Regular Expressions in Python

Our first program demonstrates the use of regular expressions in Python. Here’s the full source code with explanations:

import re

# This tests whether a pattern matches a string.
match = re.match(r"p([a-z]+)ch", "peach")
print(bool(match))

# In Python, we compile the regular expression pattern into a regex object.
r = re.compile(r"p([a-z]+)ch")

# Many methods are available on these objects. Here's a match test like we saw earlier.
print(bool(r.match("peach")))

# This finds the match for the regex.
print(r.search("peach punch").group())

# This also finds the first match but returns the
# start and end indexes for the match instead of the matching text.
match = r.search("peach punch")
print(f"idx: [{match.start()}, {match.end()}]")

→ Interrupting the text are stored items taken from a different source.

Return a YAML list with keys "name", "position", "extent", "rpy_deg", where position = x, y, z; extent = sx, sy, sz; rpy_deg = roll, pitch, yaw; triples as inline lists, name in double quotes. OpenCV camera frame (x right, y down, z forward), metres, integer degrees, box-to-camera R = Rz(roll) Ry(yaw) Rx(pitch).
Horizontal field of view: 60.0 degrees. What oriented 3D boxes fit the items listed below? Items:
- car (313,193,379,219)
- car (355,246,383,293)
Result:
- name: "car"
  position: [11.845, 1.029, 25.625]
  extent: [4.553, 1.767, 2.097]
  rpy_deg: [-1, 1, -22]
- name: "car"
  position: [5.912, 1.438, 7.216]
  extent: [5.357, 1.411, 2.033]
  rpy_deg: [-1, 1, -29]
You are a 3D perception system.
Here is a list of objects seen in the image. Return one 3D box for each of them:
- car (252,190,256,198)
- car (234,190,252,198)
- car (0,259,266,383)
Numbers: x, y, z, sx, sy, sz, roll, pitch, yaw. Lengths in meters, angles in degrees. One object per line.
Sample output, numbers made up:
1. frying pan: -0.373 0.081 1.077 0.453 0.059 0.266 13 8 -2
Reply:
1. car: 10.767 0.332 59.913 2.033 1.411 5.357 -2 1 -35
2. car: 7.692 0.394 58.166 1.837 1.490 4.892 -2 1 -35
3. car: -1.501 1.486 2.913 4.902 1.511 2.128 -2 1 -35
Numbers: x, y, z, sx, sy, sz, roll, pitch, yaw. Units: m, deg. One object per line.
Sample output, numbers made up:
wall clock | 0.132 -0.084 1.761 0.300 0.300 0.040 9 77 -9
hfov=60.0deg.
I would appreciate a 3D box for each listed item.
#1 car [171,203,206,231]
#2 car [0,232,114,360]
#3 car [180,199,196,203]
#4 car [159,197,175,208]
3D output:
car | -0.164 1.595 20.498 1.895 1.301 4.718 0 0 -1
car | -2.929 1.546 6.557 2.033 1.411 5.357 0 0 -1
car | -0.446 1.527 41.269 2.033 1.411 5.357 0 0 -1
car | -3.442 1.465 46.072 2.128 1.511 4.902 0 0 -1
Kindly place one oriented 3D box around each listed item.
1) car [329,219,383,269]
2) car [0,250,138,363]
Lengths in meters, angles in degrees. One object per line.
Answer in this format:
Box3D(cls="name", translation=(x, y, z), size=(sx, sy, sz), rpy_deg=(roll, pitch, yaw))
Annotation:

# The group method includes information about both the whole-pattern matches 
# and the submatches within those matches.
match = r.search("peach punch")
print([match.group(), match.group(1)])

# Similarly, we can get information about the
# indexes of matches and submatches.
match = r.search("peach punch")
print([match.start(), match.end(), match.start(1), match.end(1)])

# The findall method finds all matches in the input, not just the first.
print(r.findall("peach punch pinch"))

# We can use finditer to get all matches along with their positions
matches = r.finditer("peach punch pinch")
print("all:", [[m.start(), m.end(), m.start(1), m.end(1)] for m in matches])

# Providing a number as the second argument to findall will limit the number of matches.
print(r.findall("peach punch pinch", 2))

# In Python, we can work directly with strings or bytes objects.
print(bool(r.match(b"peach")))

# When creating global variables with regular expressions, 
# you can use the re.compile function. There's no need for a separate "must compile" variant.
r = re.compile(r"p([a-z]+)ch")
print("regex:", r.pattern)

# The re module can also be used to replace subsets of strings with other values.
print(r.sub("<fruit>", "a peach"))

# The sub method allows you to transform matched text with a given function.
def upper_match(match):
    return match.group().upper()

print(r.sub(upper_match, "a peach"))

To run the program, save it as regular_expressions.py and use python:

$ python regular_expressions.py
True
True
peach
idx: [0, 5]
['peach', 'ea']
[0, 5, 1, 3]
['peach', 'punch', 'pinch']
all: [[0, 5, 1, 3], [6, 11, 7, 9], [12, 17, 13, 15]]
['peach', 'punch']
True
regex: p([a-z]+)ch
a <fruit>
a PEACH

For a complete reference on Python regular expressions, check the re module documentation.